*** Opening Dataset ***

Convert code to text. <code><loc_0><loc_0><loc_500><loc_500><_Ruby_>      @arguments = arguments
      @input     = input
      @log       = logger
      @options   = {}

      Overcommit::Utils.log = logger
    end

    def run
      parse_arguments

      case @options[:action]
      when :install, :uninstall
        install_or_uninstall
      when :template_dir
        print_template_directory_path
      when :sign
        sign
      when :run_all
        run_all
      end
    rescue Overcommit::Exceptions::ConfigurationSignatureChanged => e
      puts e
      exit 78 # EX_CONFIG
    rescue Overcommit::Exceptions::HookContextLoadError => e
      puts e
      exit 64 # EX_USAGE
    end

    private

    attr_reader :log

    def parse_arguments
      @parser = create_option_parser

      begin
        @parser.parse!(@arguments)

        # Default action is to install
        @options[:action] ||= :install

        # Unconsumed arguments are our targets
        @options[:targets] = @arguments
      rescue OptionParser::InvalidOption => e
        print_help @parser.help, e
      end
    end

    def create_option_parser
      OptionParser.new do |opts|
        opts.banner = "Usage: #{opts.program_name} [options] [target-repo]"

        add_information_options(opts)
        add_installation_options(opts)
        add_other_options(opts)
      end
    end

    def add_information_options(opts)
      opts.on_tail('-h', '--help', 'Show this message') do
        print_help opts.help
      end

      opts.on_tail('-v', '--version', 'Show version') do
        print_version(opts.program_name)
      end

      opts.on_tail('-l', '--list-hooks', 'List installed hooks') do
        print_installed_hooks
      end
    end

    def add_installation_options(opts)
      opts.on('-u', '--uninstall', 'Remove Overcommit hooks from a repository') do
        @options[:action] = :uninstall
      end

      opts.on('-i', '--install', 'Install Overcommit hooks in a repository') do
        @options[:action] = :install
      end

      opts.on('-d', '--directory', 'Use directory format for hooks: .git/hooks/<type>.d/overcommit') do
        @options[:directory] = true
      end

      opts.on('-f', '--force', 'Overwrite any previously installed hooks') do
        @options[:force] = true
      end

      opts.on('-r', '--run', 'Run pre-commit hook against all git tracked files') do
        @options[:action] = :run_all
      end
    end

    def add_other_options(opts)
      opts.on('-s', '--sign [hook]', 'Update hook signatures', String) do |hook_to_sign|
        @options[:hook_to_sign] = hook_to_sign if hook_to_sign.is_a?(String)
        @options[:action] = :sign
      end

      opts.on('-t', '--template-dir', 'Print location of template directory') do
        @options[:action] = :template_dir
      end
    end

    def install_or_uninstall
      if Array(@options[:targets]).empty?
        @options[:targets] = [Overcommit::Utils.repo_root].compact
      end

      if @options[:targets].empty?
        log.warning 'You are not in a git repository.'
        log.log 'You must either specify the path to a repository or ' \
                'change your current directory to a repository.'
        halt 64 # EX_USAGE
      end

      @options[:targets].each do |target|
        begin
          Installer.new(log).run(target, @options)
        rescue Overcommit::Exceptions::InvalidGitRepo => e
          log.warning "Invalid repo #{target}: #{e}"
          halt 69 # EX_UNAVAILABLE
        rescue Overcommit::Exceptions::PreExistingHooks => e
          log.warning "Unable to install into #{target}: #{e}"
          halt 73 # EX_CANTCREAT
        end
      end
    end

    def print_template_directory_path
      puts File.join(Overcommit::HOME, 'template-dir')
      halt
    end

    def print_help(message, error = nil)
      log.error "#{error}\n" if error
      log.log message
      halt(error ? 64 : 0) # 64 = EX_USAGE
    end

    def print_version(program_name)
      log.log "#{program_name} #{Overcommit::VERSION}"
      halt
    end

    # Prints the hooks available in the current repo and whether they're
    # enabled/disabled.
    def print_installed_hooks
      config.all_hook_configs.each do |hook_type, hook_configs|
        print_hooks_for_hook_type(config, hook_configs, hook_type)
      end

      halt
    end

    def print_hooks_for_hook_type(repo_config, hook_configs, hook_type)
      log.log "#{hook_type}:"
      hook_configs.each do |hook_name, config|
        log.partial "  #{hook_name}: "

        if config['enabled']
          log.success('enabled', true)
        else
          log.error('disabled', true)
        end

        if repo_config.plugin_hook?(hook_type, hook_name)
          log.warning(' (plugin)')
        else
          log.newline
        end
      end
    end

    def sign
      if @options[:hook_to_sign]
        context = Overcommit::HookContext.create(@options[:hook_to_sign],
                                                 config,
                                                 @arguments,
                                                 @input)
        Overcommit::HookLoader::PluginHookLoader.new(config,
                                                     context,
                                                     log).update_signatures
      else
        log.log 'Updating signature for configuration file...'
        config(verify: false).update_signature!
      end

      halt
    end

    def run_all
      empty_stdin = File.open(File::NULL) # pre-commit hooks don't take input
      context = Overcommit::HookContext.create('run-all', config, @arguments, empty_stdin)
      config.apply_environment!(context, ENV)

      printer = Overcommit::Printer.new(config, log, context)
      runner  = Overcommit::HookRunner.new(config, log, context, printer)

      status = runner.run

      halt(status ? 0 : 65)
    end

*** Closing Dataset ***

§ What the exercise asks
Write out exactly the lines starting with the one that holds "log, context, printer)" and running through the last line above.

§ Your response
      runner  = Overcommit::HookRunner.new(config, log, context, printer)

      status = runner.run

      halt(status ? 0 : 65)
    end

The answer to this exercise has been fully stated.